Occupational therapy for special-needs students moves online

All of the exercises that OTs use with students in a face-to-face setting “can happen in a virtual environment,” too, says occupational therapist Robyn Chu.

A young girl sits at a computer, wearing headphones. Her image appears in a box on the left side of the screen, and above it she can see the smiling face of her female instructor. On the main part of the screen is a black-and-white drawing of a girl performing an exercise called the “side-step dance.”

“We’re going to do … that side-step [dance] first,” the instructor says. “Ten times, opposite arm and leg.”

“OK,” the girl replies. She removes her headphones and stands in front of her computer, still visible on the screen, then performs the exercise as her instructor—a licensed occupational therapist—watches closely from hundreds of miles away.

The girl is using a new service from the San Francisco company PresenceLearning, which has provided live online speech therapy to thousands of K-12 students in the last few years through a process known as “telepractice.”

Now, PresenceLearning has expanded its services to include online occupational therapy services as well—something it believes can address a growing challenge for schools.

Nationwide, about one in five special-needs students is identified as needing occupational therapy services, the company says. But some 9 percent of OT positions at schools and health clinics across the country remain unfilled, according to the U.S. Department of Labor.

“We don’t have enough [occupational therapists] overall,” says PresenceLearning co-founder Clay Whitehead. And that’s especially true in rural areas, Whitehead adds, where OTs or the students they serve might have to travel hundreds of miles to complete face-to-face sessions.

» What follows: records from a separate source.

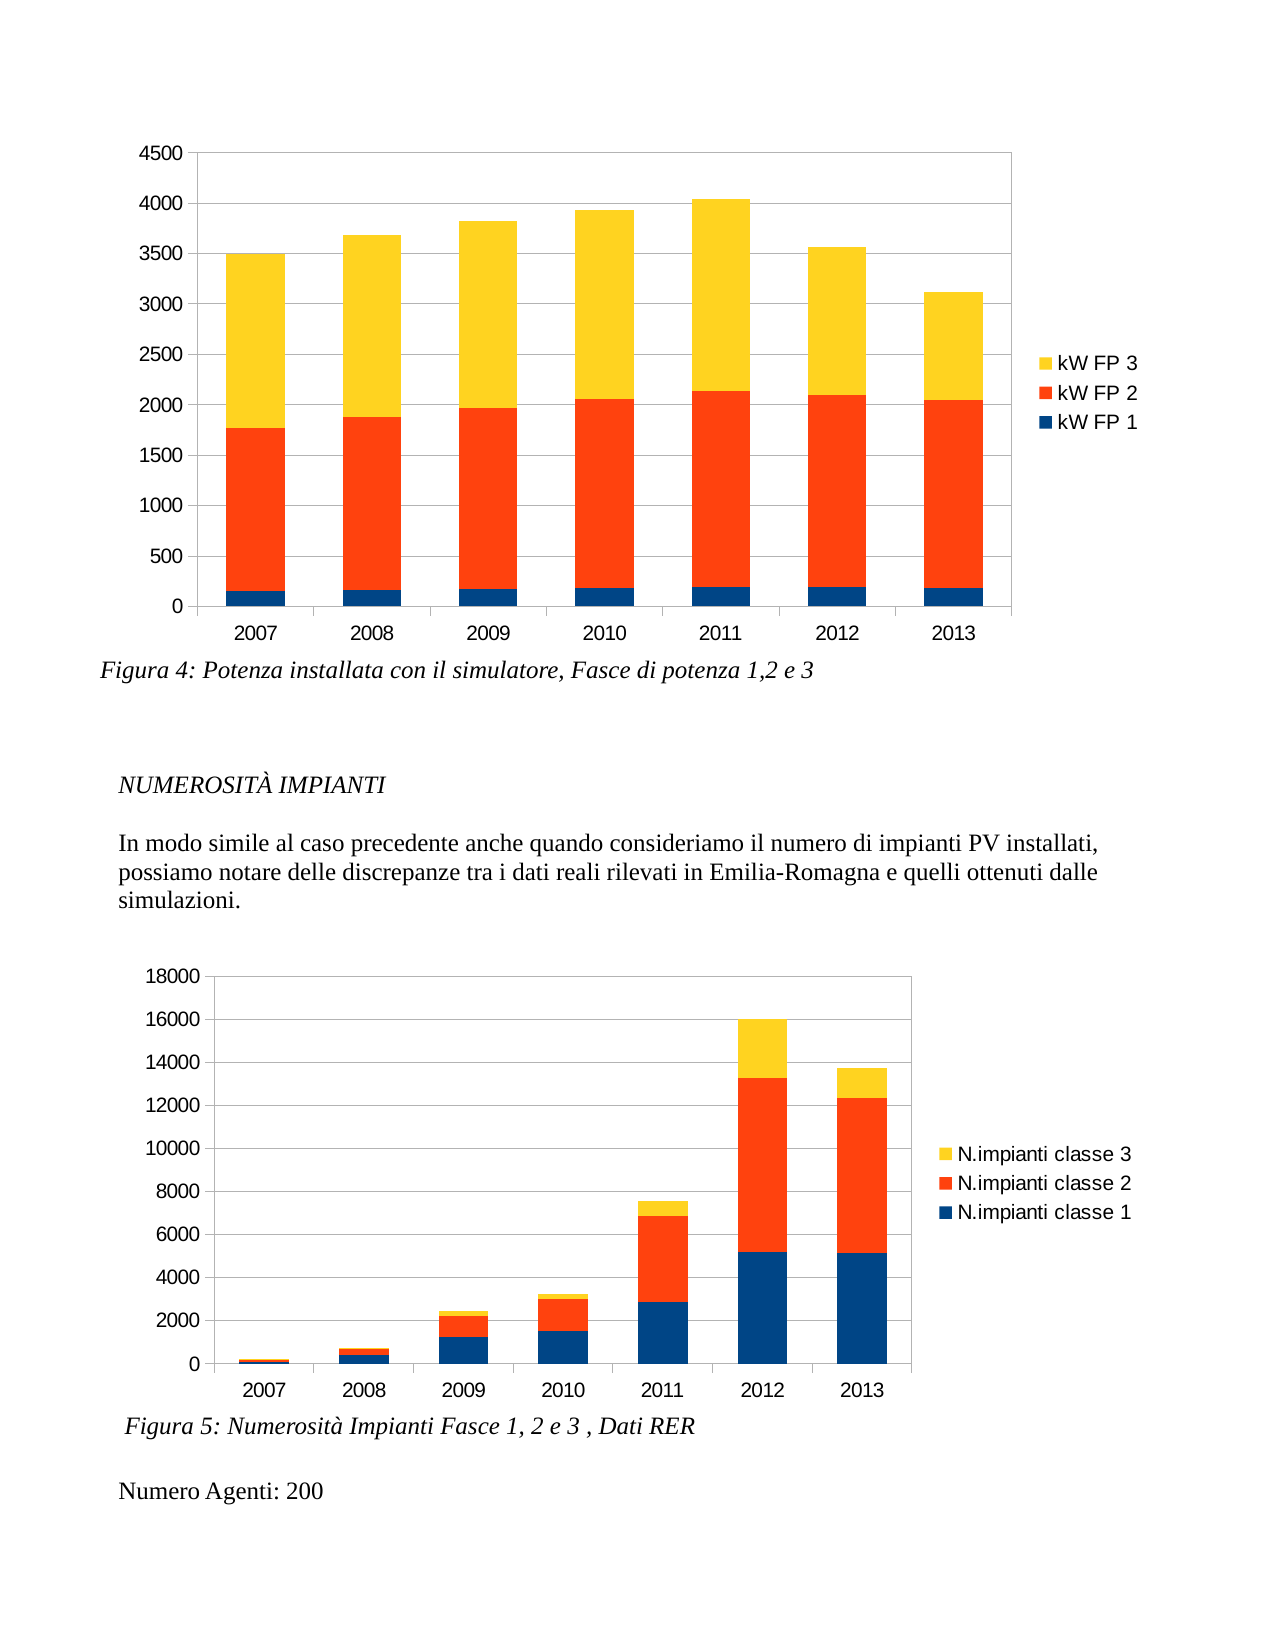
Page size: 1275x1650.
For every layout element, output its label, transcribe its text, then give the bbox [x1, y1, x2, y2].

text Figura 5: Numerosità Impianti Fasce 1, 2 e 3 , Dati RER [124, 1412, 1151, 1440]
text In modo simile al caso precedente anche quando consideriamo il numero di impianti PV installati, possiamo notare delle discrepanze tra i dati reali rilevati in Emilia-Romagna e quelli ottenuti dalle simulazioni. [118, 828, 1157, 914]
text Numero Agenti: 200 [118, 1476, 1157, 1505]
text Figura 4: Potenza installata con il simulatore, Fasce di potenza 1,2 e 3 [100, 131, 1175, 684]
text NUMEROSITÀ IMPIANTI [118, 770, 1157, 799]

PresenceLearning has seen great success in providing speech therapy to students online, and online OT seemed like a natural extension of that service.

(Next page: How online occupational therapy services work)

OT helps students build “foundational skills” that affect their ability to function throughout the school day, says occupational therapist Robyn Chu. These can include posture, core strength, visual perception, sensory processing, and handwriting or other fine motor skills.

Chu says all of the exercises that OTs use with students in a face-to-face setting “can happen in a virtual environment,” too.

For example, a common OT practice involves modeling correct behaviors or techniques for students. An OT and his or her student might both be sculpting putty at the same time, and the OT can demonstrate the activity first and then walk the student through its proper execution.

Other exercises involve games that students can play on a computer—such as navigating an online maze by manipulating the cursor on their screen to practice fine motor skills.

PresenceLearning has been piloting the service with an initial cohort of about 10 online OTs, all of whom have a master’s degree in their field. These therapists have access to the company’s content management system, which includes a repository of online activities they can use with students—and OTs can upload activities they’ve developed themselves, for use by anyone else.

The company announced its new online OT service in what it called a “soft launch” during the Texas Computer Education Association conference in February, and it expects a full rollout of the service to schools this fall.

Whitehead says the service is priced at an hourly rate that “matches or beats the local rate” for OTs in a school district’s area.

“This is … about providing more flexible access” to OT services for students and the schools that serve them, he says, adding that some older students might appreciate the privacy that comes with having OT delivered online.

PresenceLearning will ship all materials needed for the exercises to the student’s school; all the student needs is a computer with a webcam and internet access.

The Columbia Basin Health Association, which serves a rural area of Washington state, has struggled to provide reliable OT services to local families, says Leo Gaeta, program director for early intervention services. Therapists often have to drive a few hours to meet with students, and if the weather is spotty, they might have to cancel appointments.

“We were looking for a model of care that would complement the needs of our families,” Gaeta says.

He says CBHA officials initially had some concerns about how well OT services would translate in an online environment—but the families of children in the program have embraced it.

They “appreciate not having to travel” to receive service, Gaeta notes, adding: “We’re happy with the way the program is working for us.”